Question 1201457: A security code is to be formed by using three alphabets and four digits chosen
from the alphabets {a,b,c,d,e} and digits {1,2,3,4,5,6}. All the digit and
alphabets can only be used one.Find the probability the number of different ways
of the security code can be formed if
i)all alphabets are next to each other and all digits are next to each other
ii)it consists at least two consonants
Answer by Edwin McCravy(20055)   (Show Source):
You can put this solution on YOUR website! A security code is to be formed by using three alphabets and four digits chosen
from the alphabets {a,b,c,d,e} and digits {1,2,3,4,5,6}. All the digit and
alphabets can only be used one.Find   the number of different ways
of the security code can be formed if
i)all alphabets are next to each other and all digits are next to each other[Examples: 5126eab, dce4325]
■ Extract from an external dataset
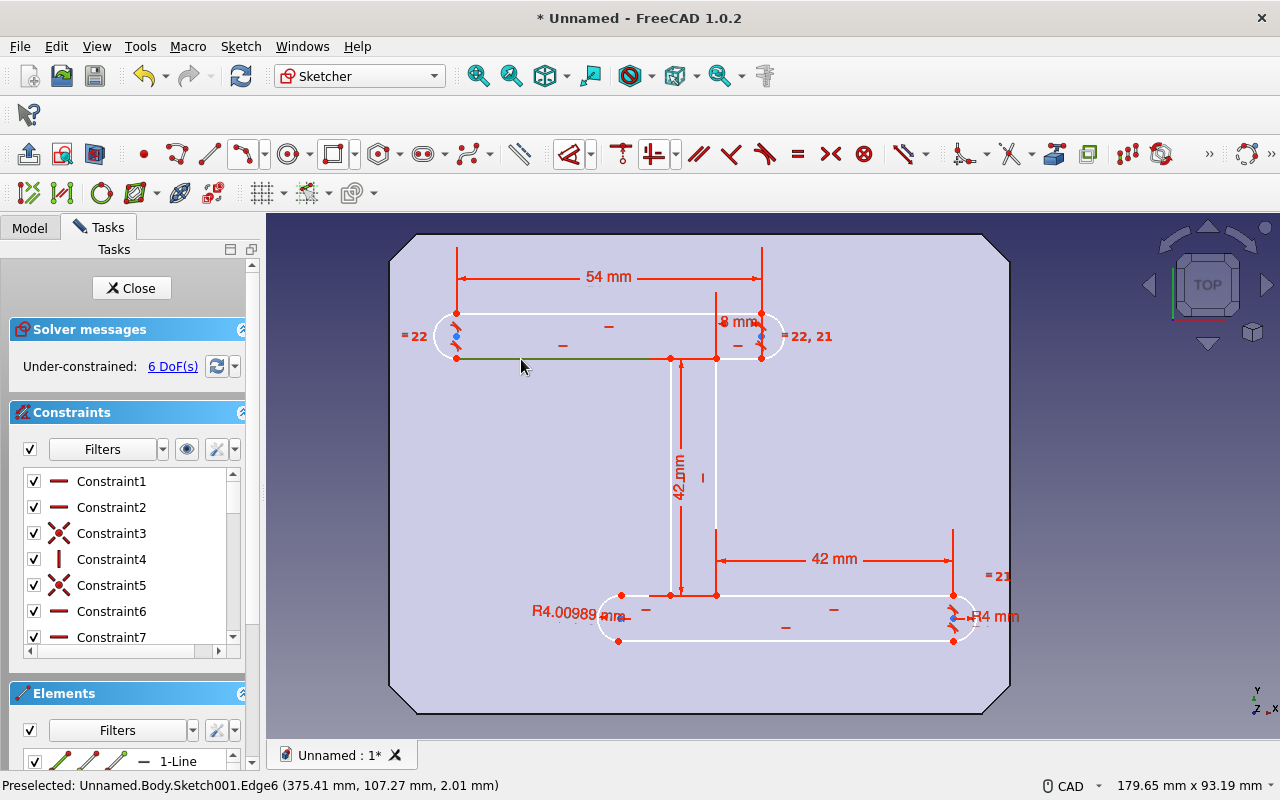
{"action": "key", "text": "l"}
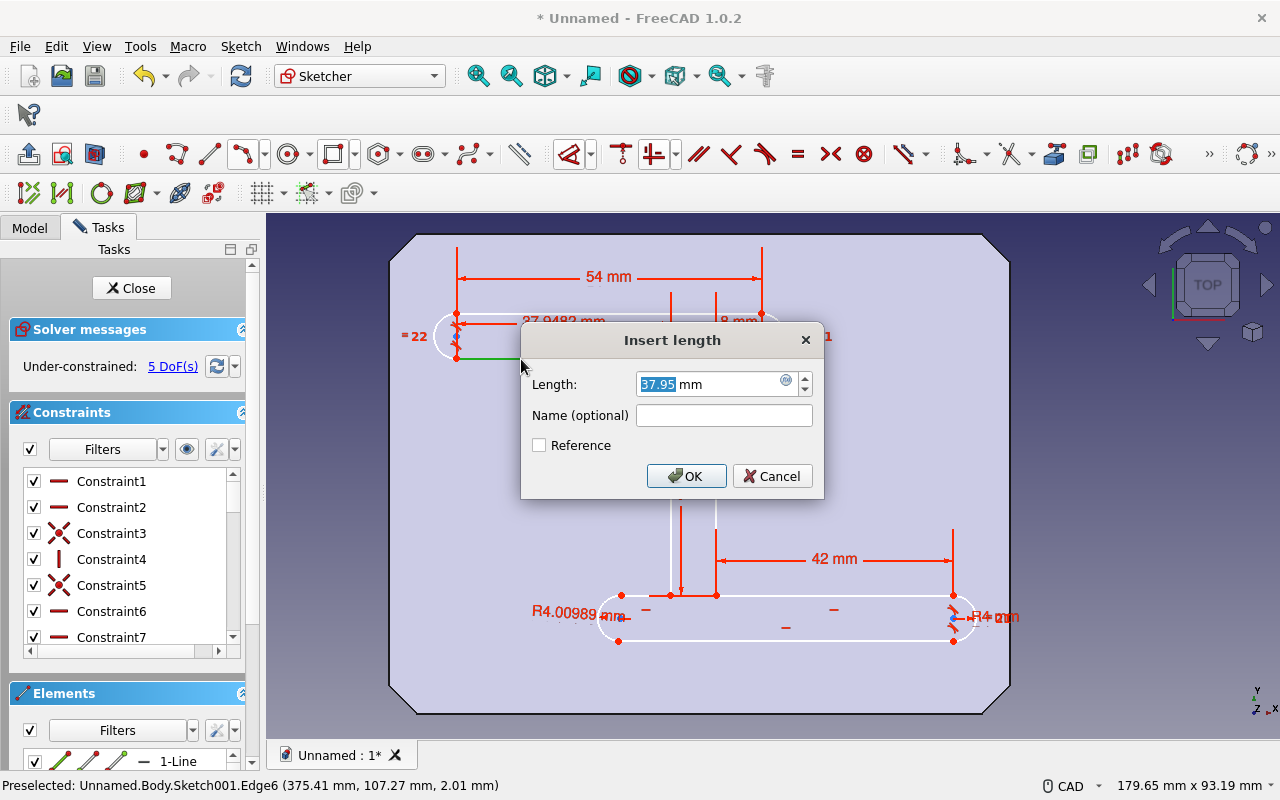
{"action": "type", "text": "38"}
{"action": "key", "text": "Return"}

There are P(5,3) = (5)(4)(3) = 60 ways to arrange 3 alphabet letters.
There are P(6,4) = (6)(5)(4)(3) = 360 ways to arrange 4 digits.
There are P(2,2) = 2! = 2 ways to choose whether to put the alphabet letters or
the digits first.
That's (60)(360)(2) = 43200 possible security codes for i).
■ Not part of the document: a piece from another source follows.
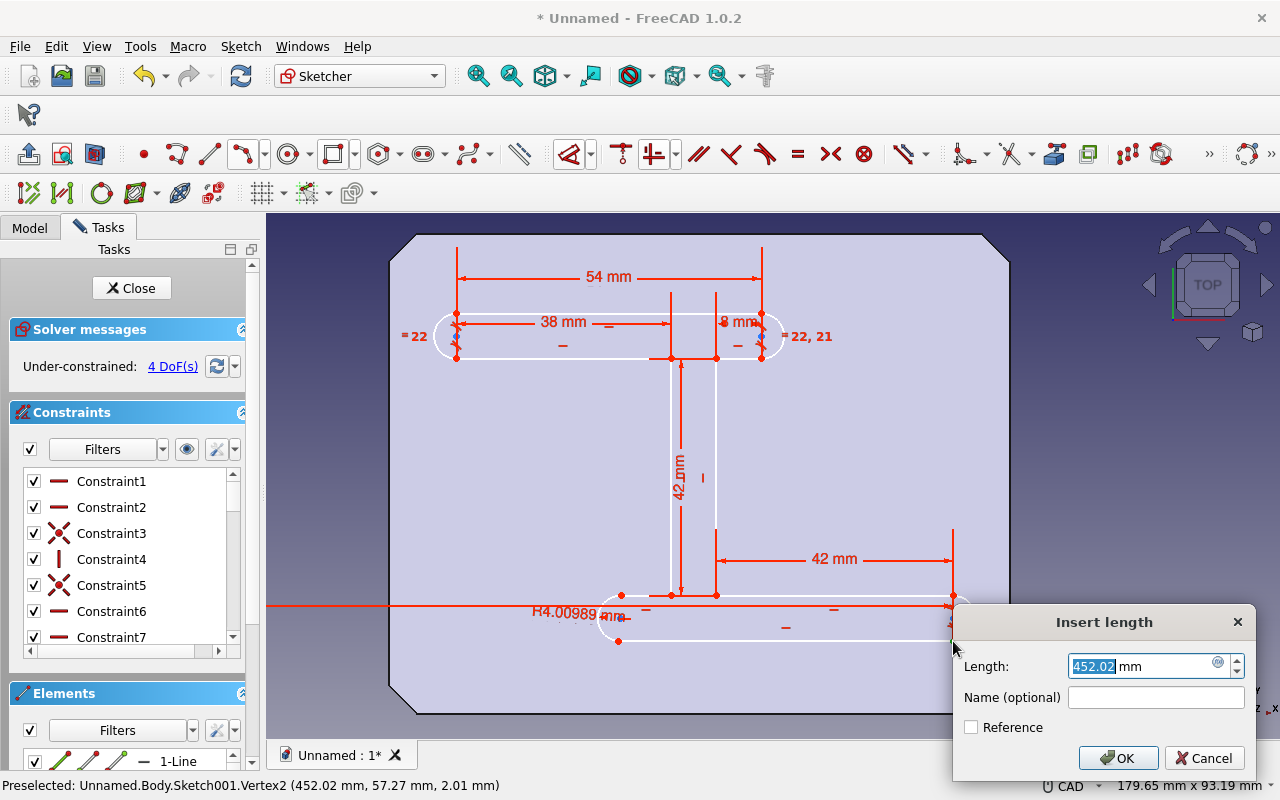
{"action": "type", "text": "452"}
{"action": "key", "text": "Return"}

ii)it consists at least two consonants.[Examples: 4d61ba2, c13d54b]
{a,b,c,d,e} contains only 3 consonants {b,c,d} and 2 vowels {a,e}.
There are two cases to choose the letters to use, exactly 2 consonants and 1
vowel or all 3 consonants. Then we'll choose the digits, then arrange the 7
chosen characters in 7! ways.
Case 1. Choose exactly 2 consonants and 1 vowel.
Choose the 2 consonants C(3,2) = 3 ways.
Choose the 1 vowel in C(2,1) = 2 ways
That's (3)(2) = 6 ways
Case 2. Choose all 3 consonants.
That's just C(3,3) = 1 way.
That's a total of 6+1 = 7 ways to choose the alphabet letters to use.
There are C(6,4) = 15 ways to choose the 4 digits.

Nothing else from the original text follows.